▶ _ASSIGNMENT_
Copy every line from the records below that carries the word "many".

▶ _RECORDED INFORMATION_
Content starts
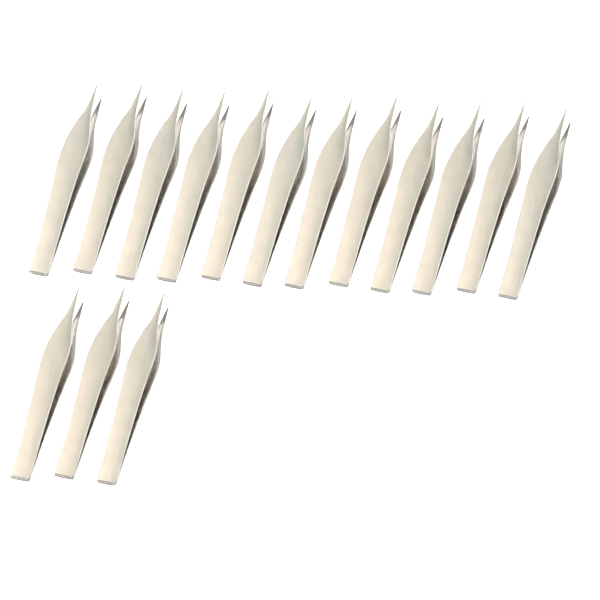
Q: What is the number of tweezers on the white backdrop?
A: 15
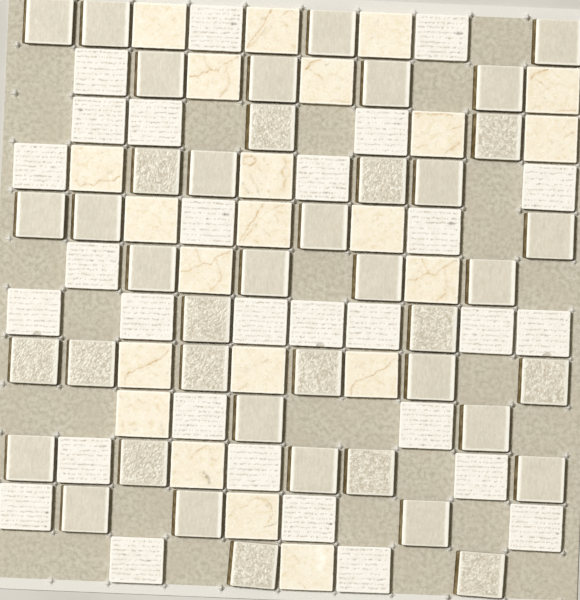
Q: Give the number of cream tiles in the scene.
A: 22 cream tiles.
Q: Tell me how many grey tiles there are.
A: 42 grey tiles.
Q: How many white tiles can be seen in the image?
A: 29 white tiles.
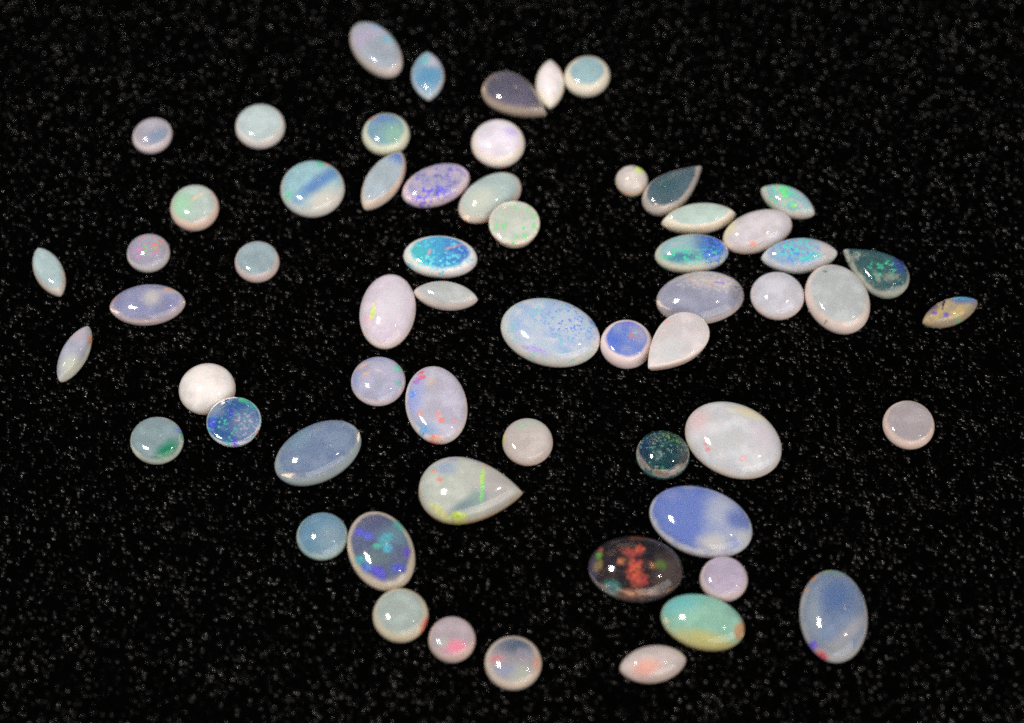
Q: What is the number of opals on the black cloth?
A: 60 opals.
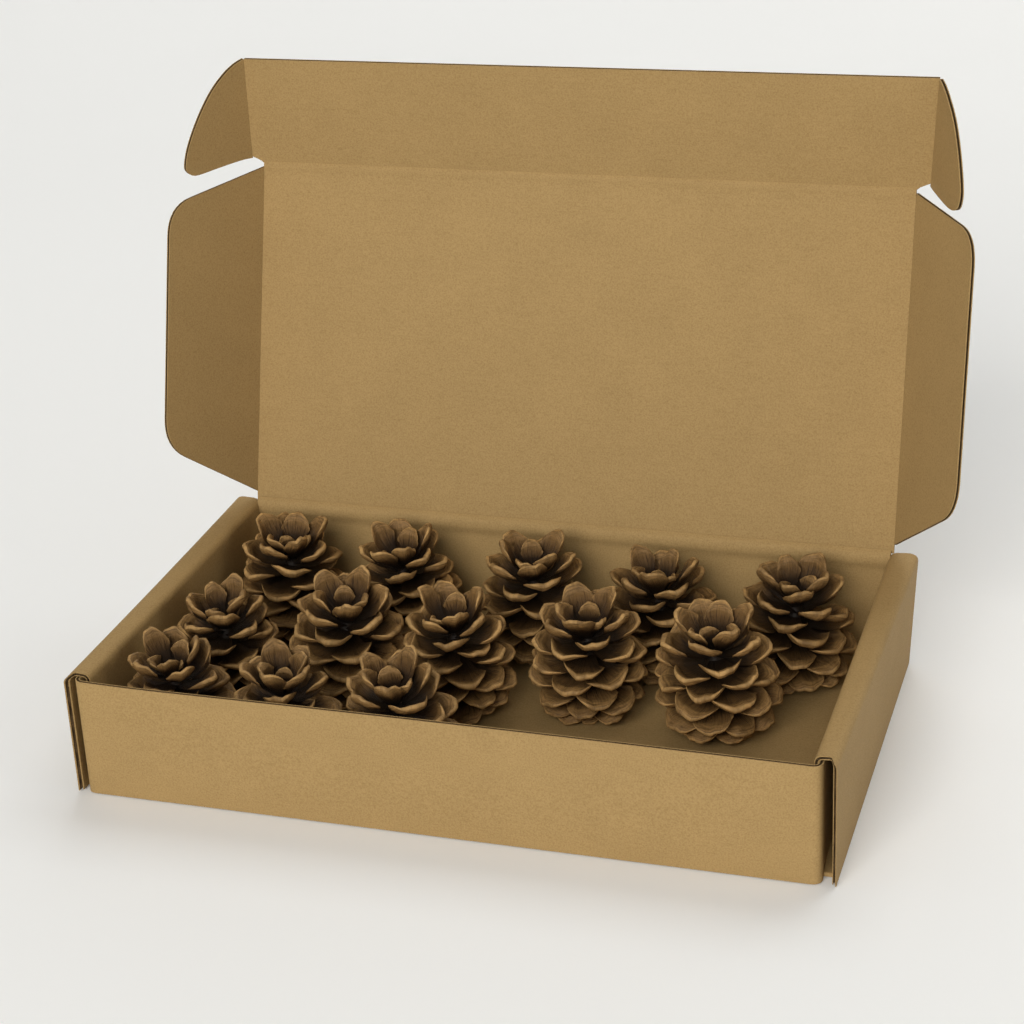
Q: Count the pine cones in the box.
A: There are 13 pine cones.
Content ends
▶ _TASK OUTPUT_
Q: Tell me how many grey tiles there are.
Q: How many white tiles can be seen in the image?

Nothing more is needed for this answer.